July 2nd, 2009, 9:03 am pacific time - someone that knows how to best utilize my skills to make our team the very best that we can be.
You can thank Twitter and their 140 character per tweet limit for the multiple tweets for one message. Take it for what it's worth, but with the signing of a "minimal" $3.5 million, Allen Iverson may be more interested in remaining a starter rather than championship piggybacking, coming off the bench for a contending team. As tweeted, he wants a coach who can utilize his skills to better the team.
Peace out, Mike!
Iverson will start. Ditching Mike Conley to the bench, the number 4 draft pick in 2007, at least for the year that Iverson's on the team. Mike Conley had a good year, for a terrible, 24-win (rebuilding, however) Grizzly team. Playing in all 82 games, while starting 61 of them, he averaged 10.9 pts, 3.4 reb, 4.3 ast, 1.1 stl, 1.1 3ptm (on 40.6 3pt%) and 44.3% FG. But is he THE ANSWER? The answer is no.
Allen Iverson, as previously posted, is a diamond in the rough when it comes to popularity and realness, which in turn, helps sell his shoes, jerseys, and his teams' ticket sales. The Grizzlies, who rank 27th in team worth and lost $3.2 million dollars in operating income last year (Forbes). The $3.5 million that the Grizzlies signed Iverson to is pretty much what they had left under the salary cap.
On the other hand, if you read between the baselines, Iverson putting up starter numbers on a bad team on a one year contract the year before the free agency of 2010 comes when many teams will have plenty of cap space to sign stars, Iverson could be pulling a Stephen Jackson (signed with the Atlanta Hawks after winning a championship, put up nice numbers, is now getting paid $7-10 million a year for the next four years) and expecting to cash in next summer, maybe even with a championship contender.

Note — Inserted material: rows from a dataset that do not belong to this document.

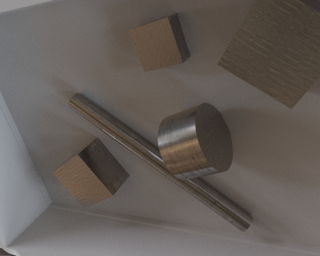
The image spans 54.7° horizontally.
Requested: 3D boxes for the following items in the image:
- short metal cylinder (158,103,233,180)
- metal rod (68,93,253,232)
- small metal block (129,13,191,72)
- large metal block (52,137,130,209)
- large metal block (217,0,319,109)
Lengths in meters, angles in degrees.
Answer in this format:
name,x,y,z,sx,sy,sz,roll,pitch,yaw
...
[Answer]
name,x,y,z,sx,sy,sz,roll,pitch,yaw
short metal cylinder,0.043,0.016,0.360,0.050,0.080,0.080,-20,108,35
metal rod,-0.002,0.046,0.436,0.301,0.025,0.025,35,129,4
small metal block,0.000,-0.095,0.349,0.050,0.025,0.050,-7,115,31
large metal block,-0.110,0.073,0.494,0.080,0.050,0.080,-31,102,37
large metal block,0.113,-0.078,0.284,0.080,0.050,0.079,33,129,6

On the Grizzlies' end, this will boost ticket sales and spike popularity in the team, before giving the reigns to OJ Mayo and Rudy Gay. They can't expect a 34-year-old AI to stay long term and be there for when this team expects to start becoming competitive. After this year, they'll give the PG duties back to Mike Conley if he's still around.
Until then the one year probable lineup is probably gonna look like
PG: Allen Iverson/Mike Conley
SG: OJ Mayo
SF: Rudy Gay
PF: Zach Randolph
C: Marc Gasol/Hasheem Thabeet (maybe vice versa)
That's a lot of scoring going on from two scoring guards, a scoring SF, a scoring PF, and a defensive center in Hasheem. Allen Iverson doesn't turn this bad team into a good team. Memphis still has no bench and is still rebuilding. AI will boost interest and sales, however. That's probably what the team wants, and that's probably what AI wants. There's little doubt that he will give it his all, whether it's because he wants to cash in next year, or because that's just the way he plays (when he starts, that is - Detroit Pistons...).
Now, will he make the all star team as a Grizzly? Fans vote, but he's more than likely not going to beat out Chris Paul and Kobe Bryant (although he beat out CP in 2008 when he was on a winning Denver team but we'll see how he plays this year...).
Those are the facts, and that's one way to read between the [base]lines.